= What this task involves =
Could you please output all of the data exactly, without the images?

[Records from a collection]
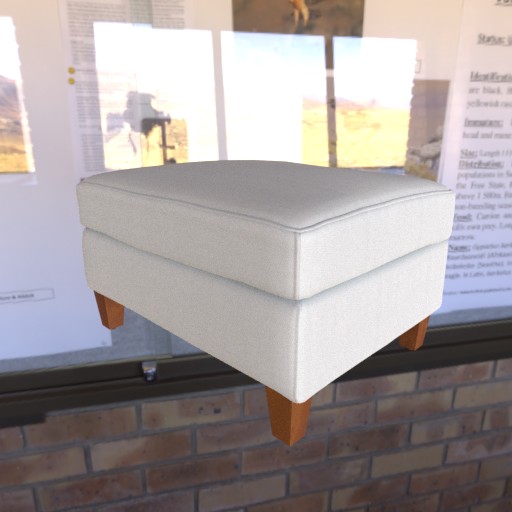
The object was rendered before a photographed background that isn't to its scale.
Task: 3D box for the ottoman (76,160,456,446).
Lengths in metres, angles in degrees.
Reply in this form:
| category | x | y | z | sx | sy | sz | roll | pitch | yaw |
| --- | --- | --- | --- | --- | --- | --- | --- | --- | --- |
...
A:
| category | x | y | z | sx | sy | sz | roll | pitch | yaw |
| --- | --- | --- | --- | --- | --- | --- | --- | --- | --- |
| ottoman | 0.000 | 0.000 | 1.209 | 0.818 | 0.496 | 0.634 | 16 | 23 | 42 |
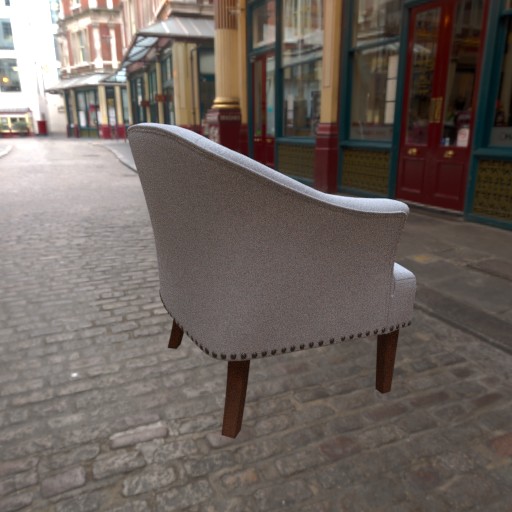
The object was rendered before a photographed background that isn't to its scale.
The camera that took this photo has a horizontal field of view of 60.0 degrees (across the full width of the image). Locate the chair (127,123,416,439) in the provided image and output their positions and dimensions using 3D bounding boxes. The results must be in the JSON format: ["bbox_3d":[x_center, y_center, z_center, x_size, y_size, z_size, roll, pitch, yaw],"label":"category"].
[{"bbox_3d":[0.000,0.000,1.426,0.704,0.815,0.798,-7,17,-24],"label":"chair"}]
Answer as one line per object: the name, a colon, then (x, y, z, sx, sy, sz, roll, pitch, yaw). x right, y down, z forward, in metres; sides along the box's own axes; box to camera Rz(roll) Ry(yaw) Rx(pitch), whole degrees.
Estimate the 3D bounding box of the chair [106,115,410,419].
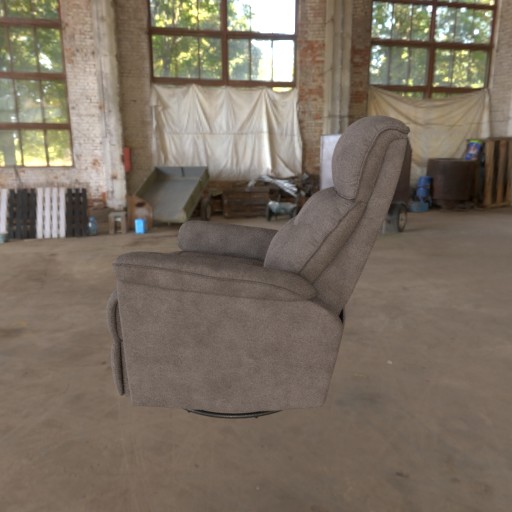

= Task output =
The object was rendered before a photographed background that isn't to its scale.
Task: 3D box for the ottoman (76,160,456,446).
Lengths in metres, angles in degrees.
Reply in this form:
| category | x | y | z | sx | sy | sz | roll | pitch | yaw |
| --- | --- | --- | --- | --- | --- | --- | --- | --- | --- |
...
A:
| category | x | y | z | sx | sy | sz | roll | pitch | yaw |
| --- | --- | --- | --- | --- | --- | --- | --- | --- | --- |
| ottoman | 0.000 | 0.000 | 1.209 | 0.818 | 0.496 | 0.634 | 16 | 23 | 42 |
The object was rendered before a photographed background that isn't to its scale.
The camera that took this photo has a horizontal field of view of 60.0 degrees (across the full width of the image). Locate the chair (127,123,416,439) in the provided image and output their positions and dimensions using 3D bounding boxes. The results must be in the JSON format: ["bbox_3d":[x_center, y_center, z_center, x_size, y_size, z_size, roll, pitch, yaw],"label":"category"].
[{"bbox_3d":[0.000,0.000,1.426,0.704,0.815,0.798,-7,17,-24],"label":"chair"}]
Answer as one line per object: the name, a colon, then (x, y, z, sx, sy, sz, roll, pitch, yaw). x right, y down, z forward, in metres; sides along the box's own axes; box to camera Rz(roll) Ry(yaw) Rx(pitch), whole degrees.
Estimate the 3D bounding box of the chair [106,115,410,419].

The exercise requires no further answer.